La politique relève-t-elle d'un savoir ? Platon répond oui et il veut confier les affaires de la cité au philosophe, qui détient ce savoir du bien. Aristote répond non et croit à la confrontation des convictions. Les technocrates néolibéraux sont d'une certaine manière les platoniciens d'aujourd'hui : pour eux, le marché est source de vérité et la parole du peuple ne peut produire que du désordre. Voilà pourquoi le néolibéralisme est tendanciellement antidémocratique : c'est le fameux "there is no alternative" de Margareth Thatcher. Mickaël FOESSEL (philosophe).

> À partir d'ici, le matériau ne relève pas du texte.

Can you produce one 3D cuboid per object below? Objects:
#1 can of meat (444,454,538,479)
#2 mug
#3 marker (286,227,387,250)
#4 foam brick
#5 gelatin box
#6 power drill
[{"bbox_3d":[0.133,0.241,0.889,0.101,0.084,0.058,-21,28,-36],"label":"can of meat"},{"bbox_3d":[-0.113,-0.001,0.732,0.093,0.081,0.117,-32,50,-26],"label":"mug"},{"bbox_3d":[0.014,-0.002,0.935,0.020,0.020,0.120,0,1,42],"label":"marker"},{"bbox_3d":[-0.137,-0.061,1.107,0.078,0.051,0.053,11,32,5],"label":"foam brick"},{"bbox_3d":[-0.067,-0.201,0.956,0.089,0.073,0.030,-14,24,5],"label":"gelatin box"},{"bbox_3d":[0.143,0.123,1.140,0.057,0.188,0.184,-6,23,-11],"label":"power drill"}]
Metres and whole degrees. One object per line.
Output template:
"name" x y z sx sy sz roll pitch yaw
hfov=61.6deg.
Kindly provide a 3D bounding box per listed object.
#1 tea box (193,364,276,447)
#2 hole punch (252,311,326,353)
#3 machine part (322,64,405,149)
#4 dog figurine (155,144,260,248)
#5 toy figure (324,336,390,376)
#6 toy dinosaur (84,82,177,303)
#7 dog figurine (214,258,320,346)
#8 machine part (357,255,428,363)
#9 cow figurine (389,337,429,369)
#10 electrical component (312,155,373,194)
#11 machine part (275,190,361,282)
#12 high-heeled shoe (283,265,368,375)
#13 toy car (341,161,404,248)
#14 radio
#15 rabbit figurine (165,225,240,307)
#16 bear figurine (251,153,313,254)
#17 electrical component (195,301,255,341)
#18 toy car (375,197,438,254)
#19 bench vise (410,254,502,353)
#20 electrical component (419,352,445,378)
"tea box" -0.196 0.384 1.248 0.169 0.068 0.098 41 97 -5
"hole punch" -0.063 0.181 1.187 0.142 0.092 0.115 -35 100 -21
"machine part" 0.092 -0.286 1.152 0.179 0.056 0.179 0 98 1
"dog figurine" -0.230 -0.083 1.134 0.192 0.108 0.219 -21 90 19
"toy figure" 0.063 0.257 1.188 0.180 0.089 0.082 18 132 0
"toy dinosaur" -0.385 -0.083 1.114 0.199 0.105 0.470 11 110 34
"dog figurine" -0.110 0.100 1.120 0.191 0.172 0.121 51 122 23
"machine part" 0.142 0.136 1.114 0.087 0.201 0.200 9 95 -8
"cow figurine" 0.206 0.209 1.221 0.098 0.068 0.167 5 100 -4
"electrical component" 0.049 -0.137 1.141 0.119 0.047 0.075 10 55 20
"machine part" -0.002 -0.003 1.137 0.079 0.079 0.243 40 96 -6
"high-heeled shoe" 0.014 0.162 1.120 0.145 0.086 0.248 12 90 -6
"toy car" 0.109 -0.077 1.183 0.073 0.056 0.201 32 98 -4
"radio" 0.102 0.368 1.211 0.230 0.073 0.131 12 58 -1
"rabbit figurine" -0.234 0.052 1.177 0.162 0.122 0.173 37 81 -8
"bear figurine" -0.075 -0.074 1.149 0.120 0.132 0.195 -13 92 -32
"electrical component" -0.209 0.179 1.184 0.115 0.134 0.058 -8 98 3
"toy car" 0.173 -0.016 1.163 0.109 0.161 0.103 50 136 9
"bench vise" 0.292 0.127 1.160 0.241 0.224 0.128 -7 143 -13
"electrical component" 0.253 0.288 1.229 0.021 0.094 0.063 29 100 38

Le problème est que dès qu'on prétend contester le dogme de l'efficience des marchés, on se voit retourner l'éternel argument du totalitarisme. On vous balance Staline en pleine tête, comme s'il fallait décider entre le marché dérégulé ou le goulag. « Malheur à moi, je suis une nuance », écrivait Nietzsche. Aujourd'hui, il faut redonner une dignité à la volonté politique plutôt que d'attendre les effets enchanteurs d'une autorégulation qui ne profite qu'à une minorité. Frédéric GROS (philosophe).
Propos recueillis par Eric AESCHIMANN, Le Nouvel Observateur, 10/2012, p. 120.